Namaku Rahmat, seorang buruh perkebunan kelapa sawit di pedalaman Sumatera. Sejak fajar menyingsing, aku telah bersiap, menggenggam sabit dengan tangan yang penuh luka. Ladang sawit terbentang luas di hadapanku, menjadi saksi perjalanan hidup yang penuh perjuangan.
Keringat yang menetes bukan hanya karena sengatan matahari, tetapi juga karena himpitan beban hidup yang semakin berat. Aku bekerja tak kenal lelah demi istri dan kedua anakku yang masih kecil. Mereka adalah cahaya harapan yang membuatku terus bertahan. Aku ingin mereka memiliki kehidupan yang lebih baik, berbeda dari nasibku yang hanya lulusan sekolah dasar dan harus menghabiskan hari-hari di antara pelepah sawit yang berduri.
Setiap hari, aku memanen tandan buah sawit yang beratnya puluhan kilogram. Aku harus memanjat, mengayunkan sabit dengan tenaga penuh, sambil waspada terhadap sengatan serangga dan bahaya ular. Upah yang kudapat sering kali tak sebanding dengan usaha dan risiko yang kuhadapi. Cukupkah? Untuk sekadar makan, mungkin cukup. Tapi untuk mimpi yang lebih besar, untuk pendidikan anak-anakku? Itu masih menjadi tanda tanya besar.
Aku punya mimpi yang belum tercapai.
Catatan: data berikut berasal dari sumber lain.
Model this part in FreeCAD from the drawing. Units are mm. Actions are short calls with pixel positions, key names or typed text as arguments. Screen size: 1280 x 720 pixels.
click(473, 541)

Aku ingin bisa memiliki rumah sendiri, tidak lagi tinggal di pondok reyot yang sewaktu-waktu bisa roboh diterpa hujan deras. Aku ingin anak-anakku bersekolah tinggi, meraih cita-cita mereka tanpa harus dihantui kekhawatiran biaya. Aku ingin memiliki penghasilan yang cukup untuk menabung, agar ketika tubuh ini tak lagi kuat bekerja, aku masih bisa bertahan tanpa bergantung pada orang lain.
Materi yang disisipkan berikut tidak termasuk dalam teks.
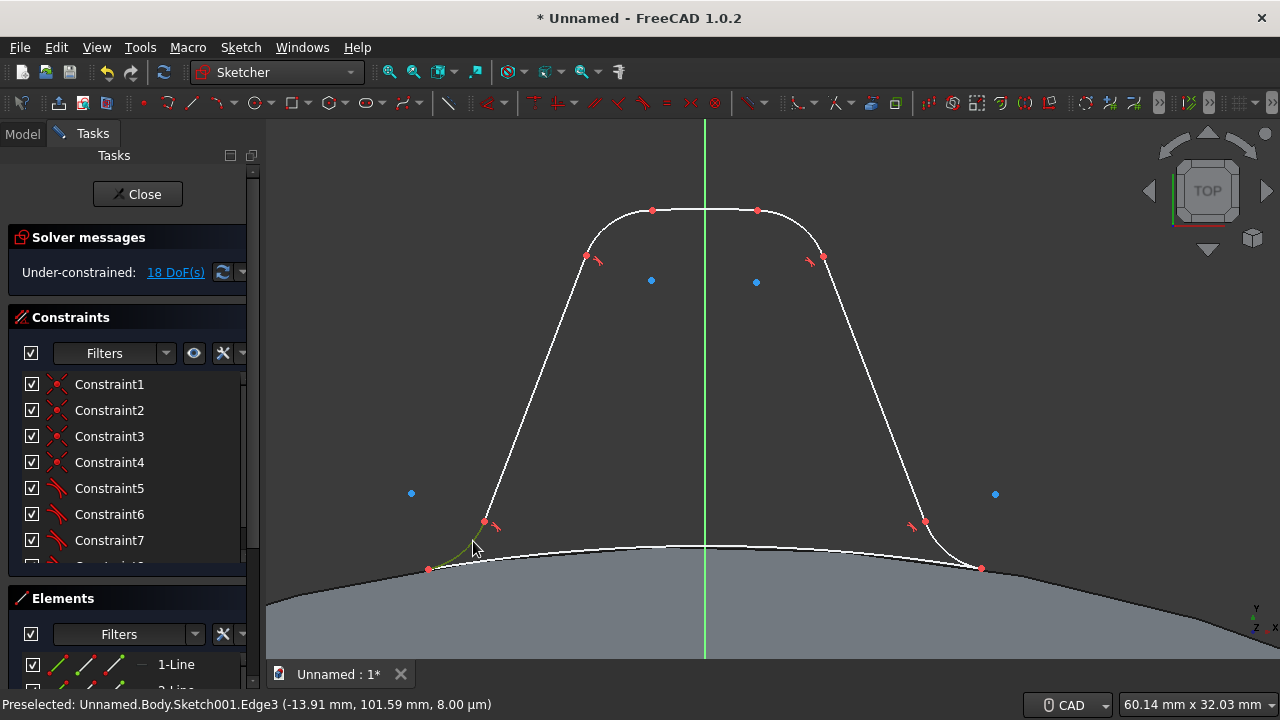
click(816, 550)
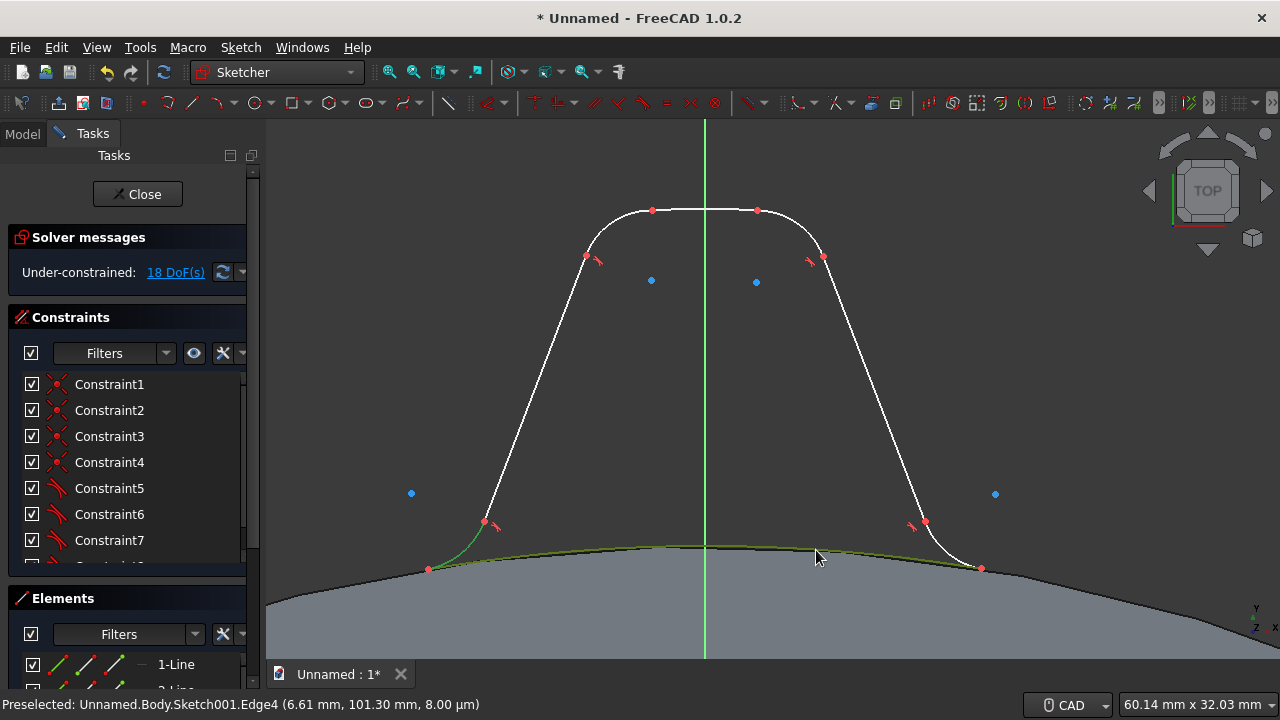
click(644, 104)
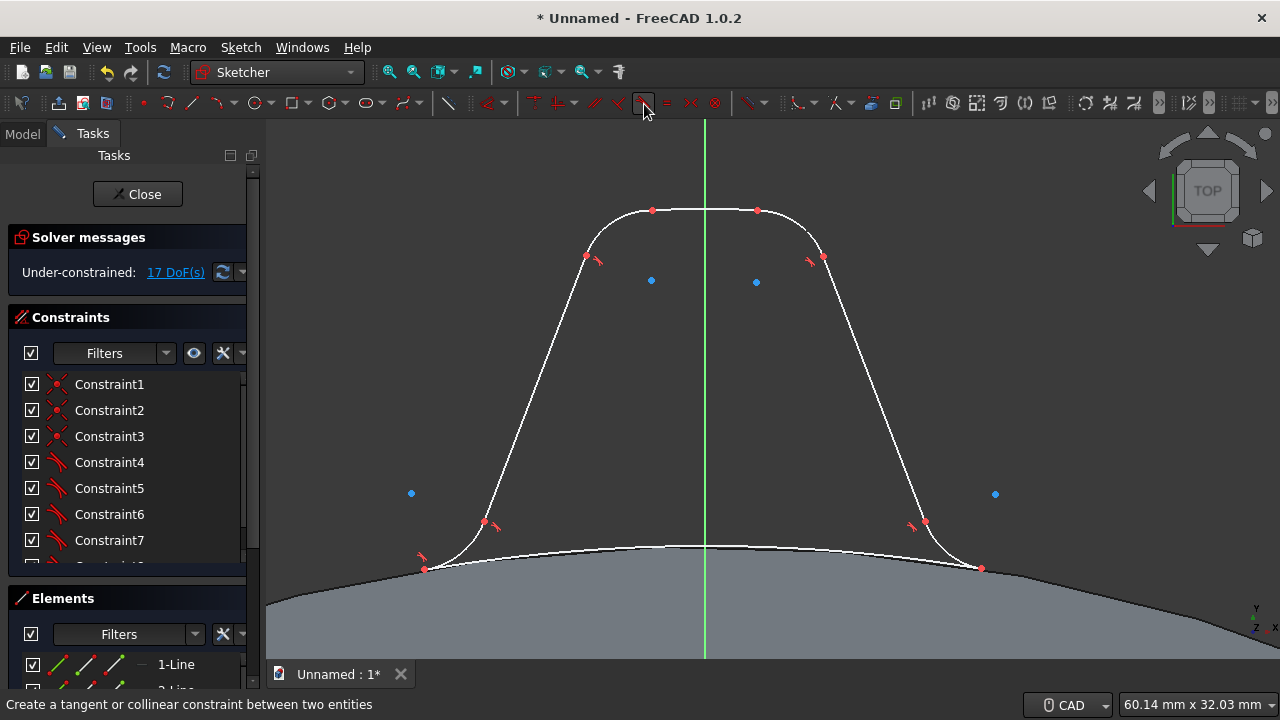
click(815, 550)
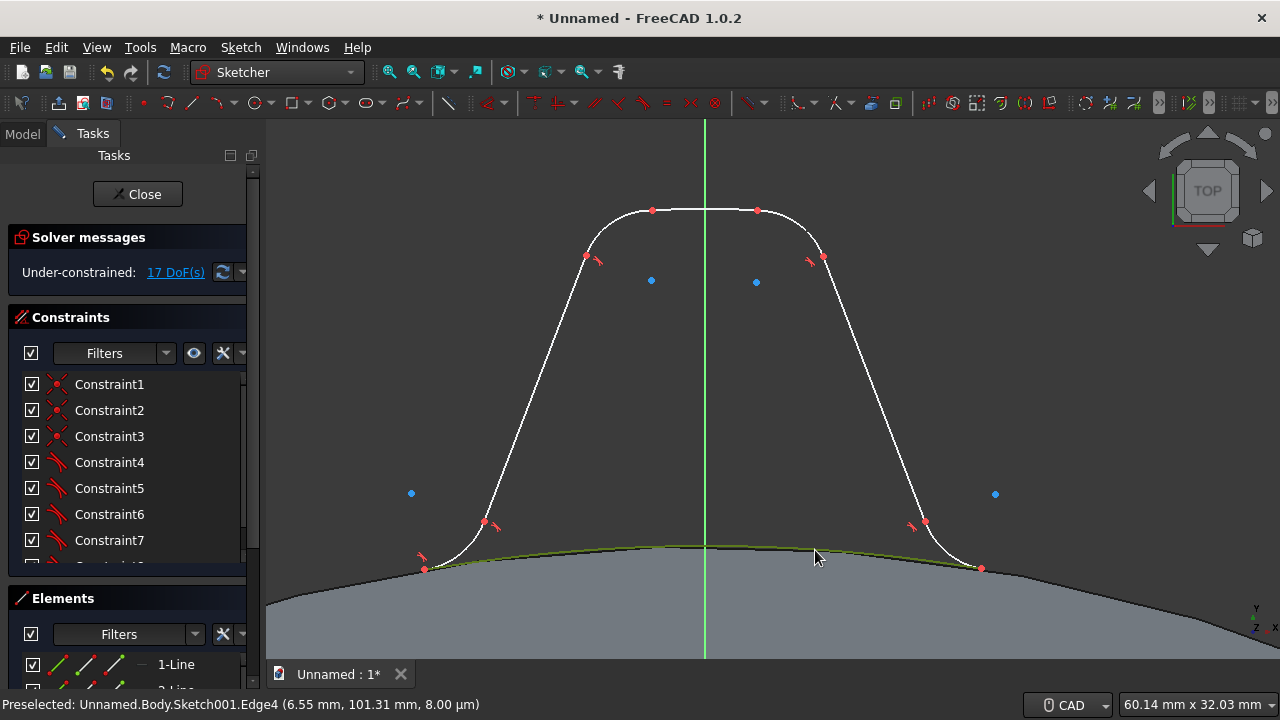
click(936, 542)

Kami, para buruh perkebunan, sering mendengar tentang kesejahteraan pekerja di kota. Mereka menerima upah lebih layak, waktu kerja lebih manusiawi. Sementara kami? Bekerja lebih dari delapan jam sehari, dengan upah yang bahkan tak cukup untuk menabung. Ke mana harus mengadu? Siapa yang peduli? Kami hanya bisa berdoa dan berharap suatu hari nasib kami berubah.
Aku pernah berpikir untuk bergabung dengan Federasi Serikat Pekerja Metal Indonesia (FSPMI), agar bisa memperjuangkan hak-hak kami sebagai buruh. Namun, aku takut. Aku tahu beberapa pekerja yang mencoba berserikat dipecat dengan alasan yang dibuat-buat. Ada tekanan dan intimidasi dari perusahaan, seolah-olah bergabung dengan serikat adalah sebuah kesalahan. Aku takut kehilangan pekerjaan ini, satu-satunya sumber penghidupan keluargaku. Tapi sampai kapan aku harus takut? Sampai kapan aku harus diam?
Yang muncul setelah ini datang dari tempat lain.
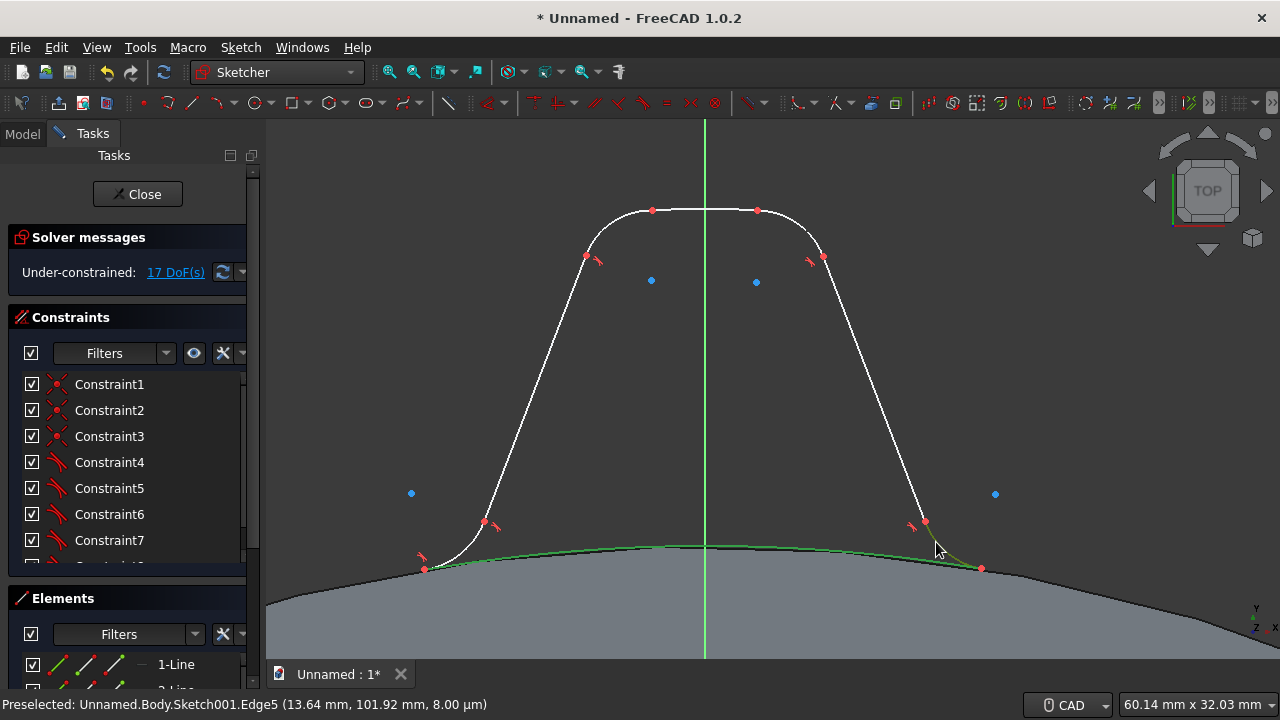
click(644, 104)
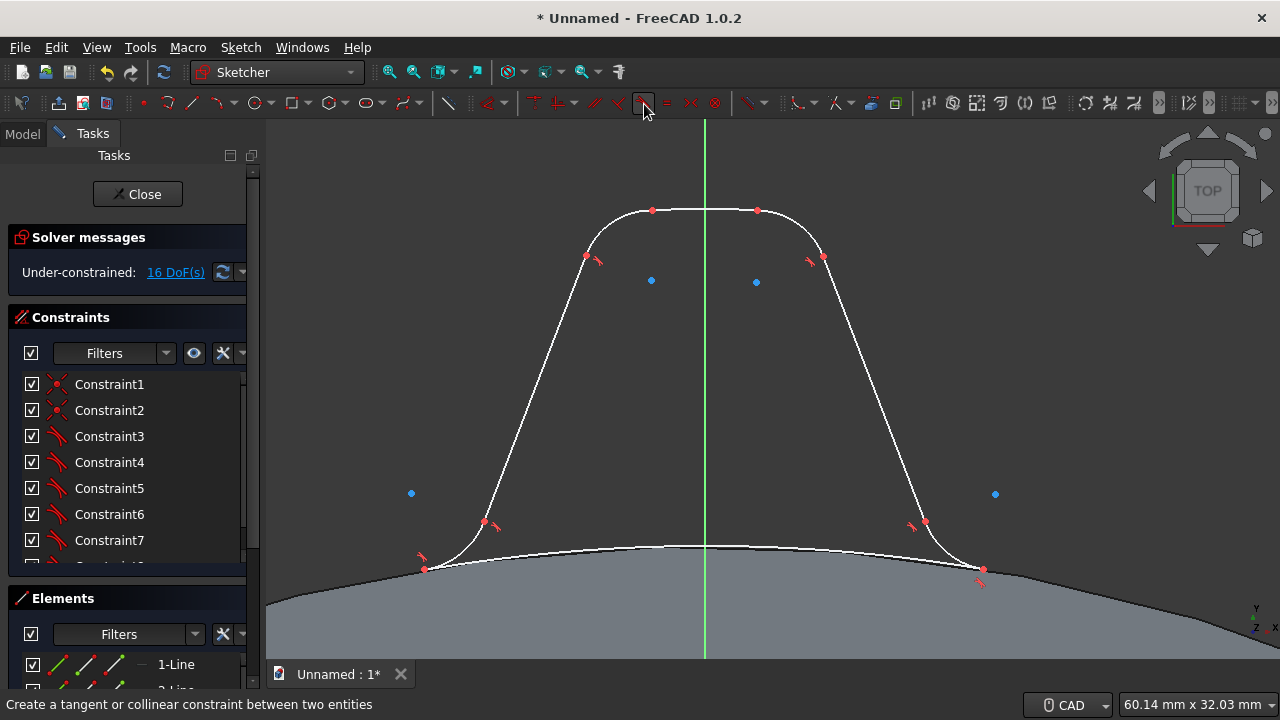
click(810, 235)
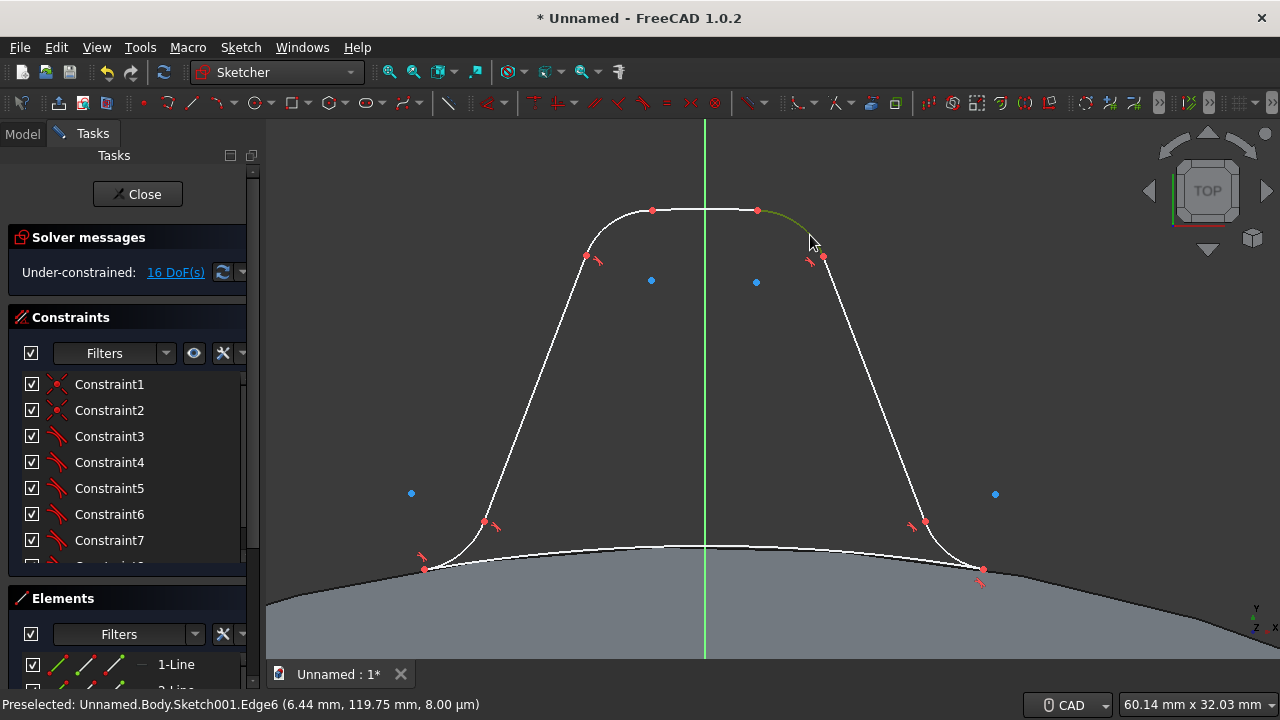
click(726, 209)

Saat malam tiba, dalam kelelahan yang tak tertahankan, aku menatap wajah anak-anakku yang tertidur lelap. Aku menggenggam tangan istriku yang juga letih setelah seharian membantu di ladang. Dalam hati, aku berbisik, “Bertahanlah, Rahmat. Demi mereka, kau harus kuat.”
Menjadi buruh perkebunan adalah perjalanan panjang yang penuh cobaan. Tapi aku percaya, kerja keras dan doa yang tak pernah putus akan membuka jalan bagi kehidupan yang lebih baik. Aku hanya ingin keadilan, agar anak-anak kami tak lagi mengulang cerita yang sama, agar suatu hari kelak, mereka bisa berdiri tegak tanpa harus menghabiskan hidup di bawah terik matahari seperti kami.